Sentiment aside, Harry Kane deserves to be Tottenham’s highest-paid player – but it has to make financial sense for the club.
Not only does Kane fit a string of criteria for negotiating as the highest earner, he also symbolises Tottenham’s philosophy and sets the benchmark for professionalism.
Every contract negotiation involves two arguments – the club’s side and the player’s side (negotiated by his agent) – and an agreement is reached somewhere in the middle. The first point of argument for an agent is the player’s status and influence at the club, and Kane’s is peak on both counts.
When Mauricio Pochettino took charge in 2014, Tottenham embarked on a philosophy of bringing through young players from their academy, preferably English ones, and developing them into a top team ready for their new stadium in 2018.
Kane grew up less than five miles from White Hart Lane, joined the academy when he was 11, broke into the first-team under the current manager, was the Premier League’s top scorer last season, is vice-captain at 23, and has become a fully-fledged England international within this period.
Pochettino’s second priority has been to rid the club of unprofessional attitudes, and Kane is exemplary both on and off the pitch. He is fiercely committed to training, self-improvement and helping team-mates, and his influence was stark in its absence during a recent injury.
While it began to surface that new contract talks were being shelved, the team’s inferior trust in new striker Vincent Janssen contributed to a drop in confidence and results, and Kane’s significance was obvious after an upsurge in performances and a first win in eight when he returned.
Kane is known to be uninterested in alcohol and the night-time drinking culture too, and shows passion for helping his local Enfield community, recently stating a long-term desire to represent the club on this front as its captain. He’s what Americans would call a ‘franchise leader’.
The second point of argument for an agent is whether the player has, or potentially has, the highest value on the market compared to the rest of the squad – in the current market, he could arguably be worth upwards of £50m.
As a striker, Kane is also likely to command a higher transfer fee than any of his squad-mates. Top-class centre-forwards have never come at more of a premium – the most recent big deal involving one of the top-five league’s top-scorers was Gonzalo Higuain from Napoli to Juventus for £75m last summer.
An agent would also argue what his client stands to earn in a similar position at another club and an available Kane could court the likes of Real Madrid and Manchester United, who pay their stars upwards of £200,000 per week. Kane currently earns around £60,000 a week on his deal until 2020.
Also on an agent’s mind might be his player’s statistics compared to the best in the same position in Europe. A look at the top scorers in Europe’s top five leagues last year shows Kane is close to the best, playing in an arguably more difficult league.

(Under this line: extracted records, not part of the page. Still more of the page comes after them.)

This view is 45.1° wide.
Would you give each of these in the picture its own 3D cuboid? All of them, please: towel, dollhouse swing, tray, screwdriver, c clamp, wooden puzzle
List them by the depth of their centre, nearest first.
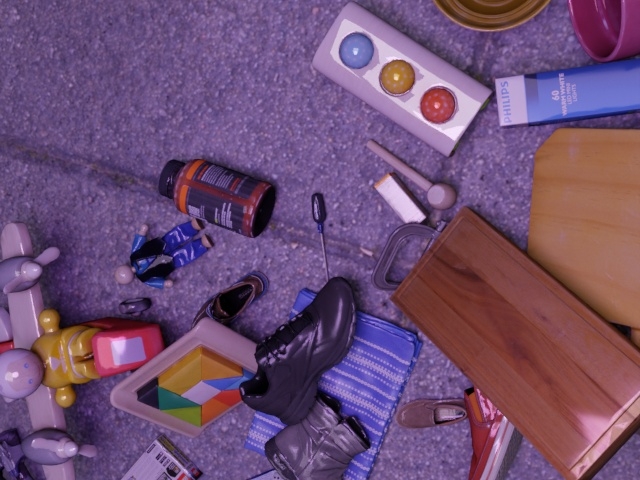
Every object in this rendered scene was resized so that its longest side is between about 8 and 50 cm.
[{"bbox_3d":[0.308,0.148,1.184,0.203,0.076,0.411,-53,53,12],"label":"tray"},{"bbox_3d":[0.547,-0.021,1.206,0.315,0.305,0.347,-1,97,-26],"label":"dollhouse swing"},{"bbox_3d":[0.161,0.027,1.304,0.161,0.137,0.022,-61,37,24],"label":"c clamp"},{"bbox_3d":[-0.210,0.253,1.351,0.238,0.221,0.044,-40,42,15],"label":"wooden puzzle"},{"bbox_3d":[0.000,0.000,1.376,0.025,0.024,0.170,-5,98,-14],"label":"screwdriver"},{"bbox_3d":[0.017,0.278,1.392,0.243,0.040,0.336,22,101,13],"label":"towel"}]

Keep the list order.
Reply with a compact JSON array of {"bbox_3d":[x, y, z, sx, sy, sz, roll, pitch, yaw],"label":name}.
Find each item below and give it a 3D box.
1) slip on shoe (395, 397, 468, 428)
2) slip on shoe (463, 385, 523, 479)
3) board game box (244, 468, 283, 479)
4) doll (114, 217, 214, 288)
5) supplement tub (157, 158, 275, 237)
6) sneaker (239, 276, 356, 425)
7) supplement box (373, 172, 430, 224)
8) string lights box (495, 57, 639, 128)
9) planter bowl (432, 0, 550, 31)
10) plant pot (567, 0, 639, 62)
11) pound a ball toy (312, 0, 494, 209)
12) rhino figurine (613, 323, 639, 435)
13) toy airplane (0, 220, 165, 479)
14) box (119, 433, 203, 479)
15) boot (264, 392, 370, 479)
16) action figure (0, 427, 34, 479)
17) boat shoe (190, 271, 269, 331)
[{"bbox_3d":[0.195,0.304,1.344,0.135,0.041,0.052,-8,94,16],"label":"slip on shoe"},{"bbox_3d":[0.288,0.281,1.285,0.101,0.123,0.332,13,96,28],"label":"slip on shoe"},{"bbox_3d":[-0.090,0.480,1.451,0.090,0.020,0.090,-26,88,16],"label":"board game box"},{"bbox_3d":[-0.298,0.024,1.428,0.189,0.046,0.129,-30,87,3],"label":"doll"},{"bbox_3d":[-0.187,-0.083,1.373,0.197,0.106,0.106,20,101,12],"label":"supplement tub"},{"bbox_3d":[-0.038,0.184,1.303,0.130,0.109,0.286,22,103,-27],"label":"sneaker"},{"bbox_3d":[0.139,-0.067,1.309,0.036,0.062,0.098,-41,84,15],"label":"supplement box"},{"bbox_3d":[0.405,-0.224,1.183,0.259,0.133,0.077,-5,95,15],"label":"string lights box"},{"bbox_3d":[0.274,-0.433,1.218,0.217,0.090,0.217,1,96,14],"label":"planter bowl"},{"bbox_3d":[0.481,-0.378,1.126,0.180,0.201,0.201,-14,92,1],"label":"plant pot"},{"bbox_3d":[0.130,-0.215,1.258,0.319,0.135,0.208,36,104,9],"label":"pound a ball toy"},{"bbox_3d":[0.521,0.254,1.236,0.106,0.073,0.243,-43,85,11],"label":"rhino figurine"},{"bbox_3d":[-0.516,0.214,1.407,0.386,0.272,0.384,38,105,8],"label":"toy airplane"},{"bbox_3d":[-0.337,0.491,1.511,0.114,0.036,0.207,43,105,7],"label":"box"},{"bbox_3d":[0.028,0.402,1.352,0.161,0.083,0.246,-41,85,13],"label":"boot"},{"bbox_3d":[-0.596,0.529,1.556,0.185,0.099,0.285,-38,89,11],"label":"action figure"},{"bbox_3d":[-0.178,0.122,1.412,0.183,0.066,0.066,-43,84,15],"label":"boat shoe"}]
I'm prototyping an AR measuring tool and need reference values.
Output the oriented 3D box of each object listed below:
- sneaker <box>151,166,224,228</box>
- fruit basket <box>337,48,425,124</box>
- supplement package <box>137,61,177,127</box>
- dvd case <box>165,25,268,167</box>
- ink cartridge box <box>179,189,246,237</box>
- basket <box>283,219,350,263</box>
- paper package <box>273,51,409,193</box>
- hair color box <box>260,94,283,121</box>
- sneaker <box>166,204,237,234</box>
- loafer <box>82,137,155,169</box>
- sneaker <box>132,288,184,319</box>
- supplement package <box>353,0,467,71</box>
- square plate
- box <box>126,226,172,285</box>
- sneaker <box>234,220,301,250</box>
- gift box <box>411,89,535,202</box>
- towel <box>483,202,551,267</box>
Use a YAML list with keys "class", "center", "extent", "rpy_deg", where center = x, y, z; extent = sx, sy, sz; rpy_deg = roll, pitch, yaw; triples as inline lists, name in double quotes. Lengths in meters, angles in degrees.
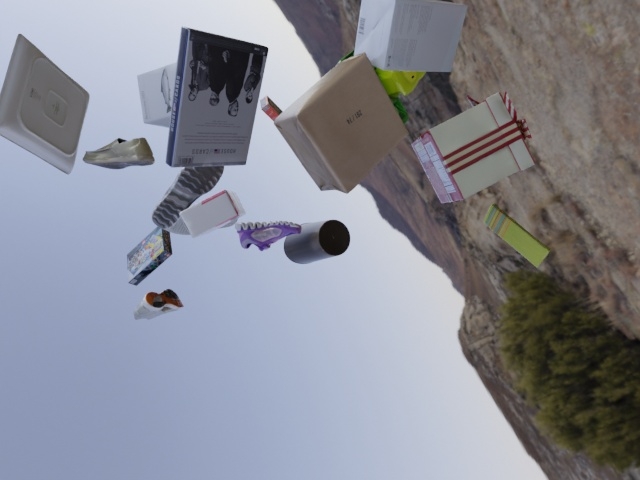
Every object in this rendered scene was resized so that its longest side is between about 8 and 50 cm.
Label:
- class: "sneaker"
  center: [-0.419, -0.166, 1.396]
  extent: [0.105, 0.281, 0.115]
  rpy_deg: [47, 178, -24]
- class: "fruit basket"
  center: [0.247, -0.609, 1.789]
  extent: [0.392, 0.392, 0.283]
  rpy_deg: [54, -135, -17]
- class: "supplement package"
  center: [-0.271, -0.303, 0.932]
  extent: [0.105, 0.180, 0.104]
  rpy_deg: [-14, -83, -65]
- class: "dvd case"
  center: [-0.192, -0.255, 0.842]
  extent: [0.030, 0.238, 0.179]
  rpy_deg: [32, -152, 32]
- class: "ink cartridge box"
  center: [-0.334, -0.086, 1.423]
  extent: [0.092, 0.159, 0.218]
  rpy_deg: [63, 179, -7]
- class: "basket"
  center: [0.000, 0.000, 1.639]
  extent: [0.227, 0.205, 0.154]
  rpy_deg: [-12, 100, 62]
- class: "paper package"
  center: [0.073, -0.361, 1.431]
  extent: [0.309, 0.325, 0.168]
  rpy_deg: [53, 161, -26]
- class: "hair color box"
  center: [-0.205, -0.569, 1.996]
  extent: [0.141, 0.043, 0.071]
  rpy_deg: [37, -149, -44]
- class: "sneaker"
  center: [-0.446, -0.098, 1.668]
  extent: [0.161, 0.283, 0.102]
  rpy_deg: [-110, 19, -62]
- class: "loafer"
  center: [-0.668, -0.292, 1.495]
  extent: [0.102, 0.269, 0.091]
  rpy_deg: [8, -97, -74]
- class: "sneaker"
  center: [-0.677, 0.273, 1.862]
  extent: [0.099, 0.121, 0.262]
  rpy_deg: [54, -172, 15]
- class: "supplement package"
  center: [0.277, -0.659, 1.424]
  extent: [0.198, 0.263, 0.199]
  rpy_deg: [-128, 38, -49]
- class: "square plate"
  center: [-0.923, -0.449, 1.533]
  extent: [0.344, 0.050, 0.346]
  rpy_deg: [61, -148, -72]
- class: "box"
  center: [-0.712, 0.058, 1.863]
  extent: [0.044, 0.233, 0.159]
  rpy_deg: [33, -153, -45]
- class: "sneaker"
  center: [-0.181, -0.015, 1.573]
  extent: [0.095, 0.237, 0.104]
  rpy_deg: [30, -123, -80]
- class: "gift box"
  center: [0.442, -0.282, 1.310]
  extent: [0.276, 0.258, 0.255]
  rpy_deg: [64, 179, -7]
- class: "towel"
  center: [0.647, -0.019, 1.492]
  extent: [0.237, 0.021, 0.102]
  rpy_deg: [49, 159, 28]

But then there is the club’s case, and its principle arguments will revolve around wage policy and structure, and its current financial predicament.
Since “the number cruncher” Rebecca Caplehorn arrived as head of football operations from QPR, Spurs have implemented a shrewd wage policy based on lower base salaries and more performance-related incentives.
The club are understood not to be prepared to pay any player more than £100,000 per week as a basic rate, and Kane’s contract is described as “mid-tier” at £60,000, which suggests it is at the top end of a middle band between £35,000 and £65,000.
Captain Hugo Lloris earns £80,000 per week while Christian Eriksen earns £75,000, so Tottenham would have to argue why Kane does not deserve to earn the same or more than those in the top band, should they not agree he should be the highest paid.
They might say he is not as experienced at international level, for instance.
Lloris has 85 caps for France and Eriksen 66 for Denmark, while Kane has just 15 for England. Or they might argue he is still not as experienced at club level. Lloris has made 358 top-flight appearances across two leagues, and Eriksen 223. Kane has made 91.
The club are also known to be actively cost-cutting due to the massive expense of the Northumberland Park development and this is the key reason for their tight wage plan. The chairman has demonstrated Spurs’ need for prudence by breaking even in all but the most recent transfer windows since the summer of 2014.
Clubs also argue the potential for inferior status and influence a player might have at a different club, and Tottenham could argue that Kane would not be anywhere near as loved elsewhere as at the club where he is considered “one of our own”.
They might say that, at Manchester United for example, he would not be guaranteed his first-team place, or at Real Madrid would not be as revered as Cristiano Ronaldo or Gareth Bale.
But should Kane continue to score prolifically and be the catalyst for Spurs winning games, it is increasingly difficult to argue he could not be as talismanic elsewhere.
The final major concern of a club is the potential for a player’s wage rise to affect the rest of the team, and stir other agents into demands for bigger contracts for their players.
But would Kane’s team-mates begrudge him as their highest earner? Would Lloris or Eriksen feel hard done by if Kane at least reached parity? Only they can answer that question but, in gauging their public attitude towards Kane, it seems unlikely.
Just as long as the club can afford it.